We have used genome-wide location analysis to identify genomic binding sites for many transcriptional regulators in living yeast cells under a single growth condition. Here we discuss the limitations of the current location dataset in terms of the extent to which this study has covered all yeast genes and the factors involved in obtaining more complete coverage.

We found that the promoter regions for 2343 out of 6270 yeast genes (37%) are bound by one or more of the 106 transcriptional regulators in yeast cells grown in rich medium when the location data is reported using a p-value threshold of 0.001. Since more than half of yeast genes were not assigned a regulator by this analysis, we considered what factors might allow us to more fully populate a map of the yeast transcriptional regulatory network in the future. The factors we considered were limitations attributable to genome-wide location analysis technology, the rates of false negatives due to the high confidence threshold, regulators that have yet to be identified, and the contribution of extracellular environment.

Genome-wide location analysis technology

We considered the possibility that the genes that are not bound by the set of 106 regulators may be underrepresented in the present genome-wide location dataset due to defects in the DNA microarray. The DNA microarrays used in this study were produced as described previously (4), and were subjected to a series of quality control tests.

We assayed the ability of individual spots on the arrays to report hybridization of labeled genomic DNA, and found that 95% of the spots produce effective signals in this assay. We found that approximately 5% of the 6600 intergenic spots printed on the array are defective due to PCR failure.

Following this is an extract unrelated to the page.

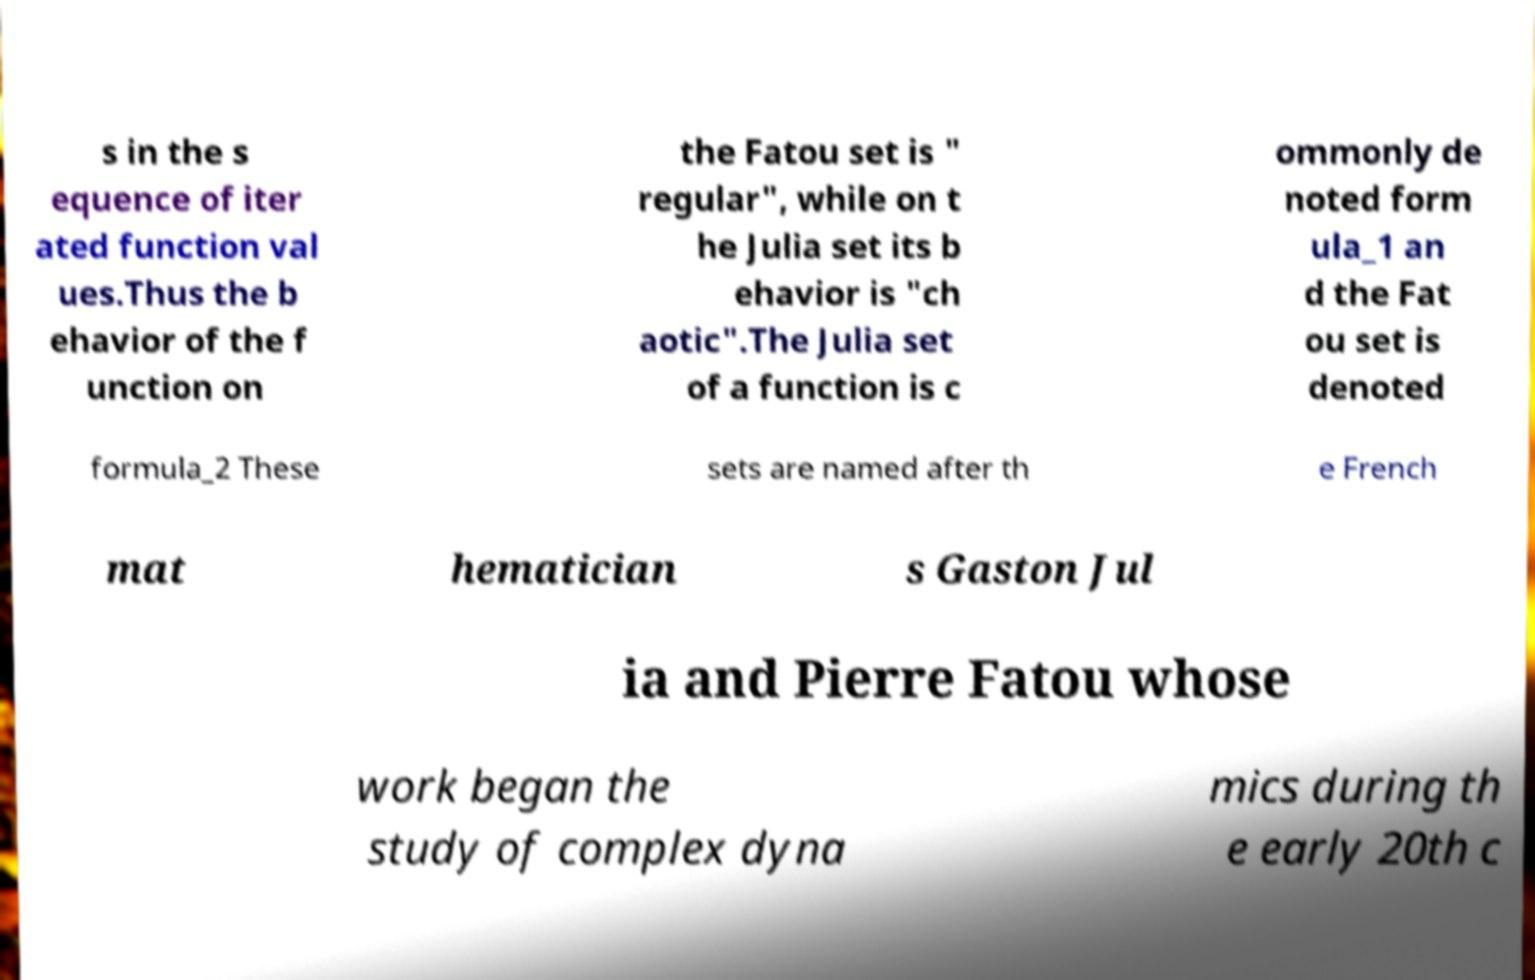Please read and relay the text visible in this image. What does it say? s in the s equence of iter ated function val ues.Thus the b ehavior of the f unction on the Fatou set is " regular", while on t he Julia set its b ehavior is "ch aotic".The Julia set of a function is c ommonly de noted form ula_1 an d the Fat ou set is denoted formula_2 These sets are named after th e French mat hematician s Gaston Jul ia and Pierre Fatou whose work began the study of complex dyna mics during th e early 20th c

Although we confirmed the presence of an epitope tag on each regulator, it is possible that DNA binding interactions may be lost or reduced due to the presence of the epitope tag. We previously noted that essentially identical results were obtained for specific regulators when immunoprecipitation is performed with epitope-tagged

regulators or when it is performed with polyclonal antibodies against those regulators (4), so the epitope tag does not appear to modify binding interactions in these specific cases. We make the assumption that the lack of serious growth defects and the presence of positive binding results together indicate that the epitope modification does not alter binding activity substantially.

Rates of false negatives

The error model and the high confidence threshold selected to qualify as a positive result (p-value < 0.001) almost certainly play a major role in limiting genome coverage. The 0.001 p-value threshold was used to minimize false positive reports, with the expectation that this threshold may result in an underestimate of regulator-DNA interactions. If the p-value threshold is changed to 0.005 (a result where we would expect higher levels of false positives) 58% of yeast genes are bound by one of the 106 regulators. Our estimate of false negative rates (see QUALITY CONTROL section above) suggests that as many as 4300 out of the 6270 yeast genes (69%) may be bound by the 106 transcriptional regulators in yeast cells grown in rich medium.

(6)

Regulators that have yet to be identified

We have not subjected all of the transcriptional regulators encoded in the yeast genome to genome-wide location analysis. We used the Incyte Yeast BioKnowledge Library and the MIPS CYGD to identify all regulators with evidence for DNA binding activity and transcriptional regulatory activity. As more evidence is accumulated by investigators, the number of candidate regulators that would qualify using these criteria will increase. Thus, we might expect to cover an increasing percentage of the genome as we profile additional candidate regulators.

Contribution of extracellular environment

It is likely that a substantial proportion of genes that are not bound in the genome-wide dataset described here are activated under growth conditions other than the rich media condition used here. Yeast cells have evolved to live in a variety of challenging nutrient-limited environments. A change in the growth environment of yeast cells causes tremendous changes in its gene expression program, sometimes affecting the expression of as much as 1/3 of genes in the genome (5,6).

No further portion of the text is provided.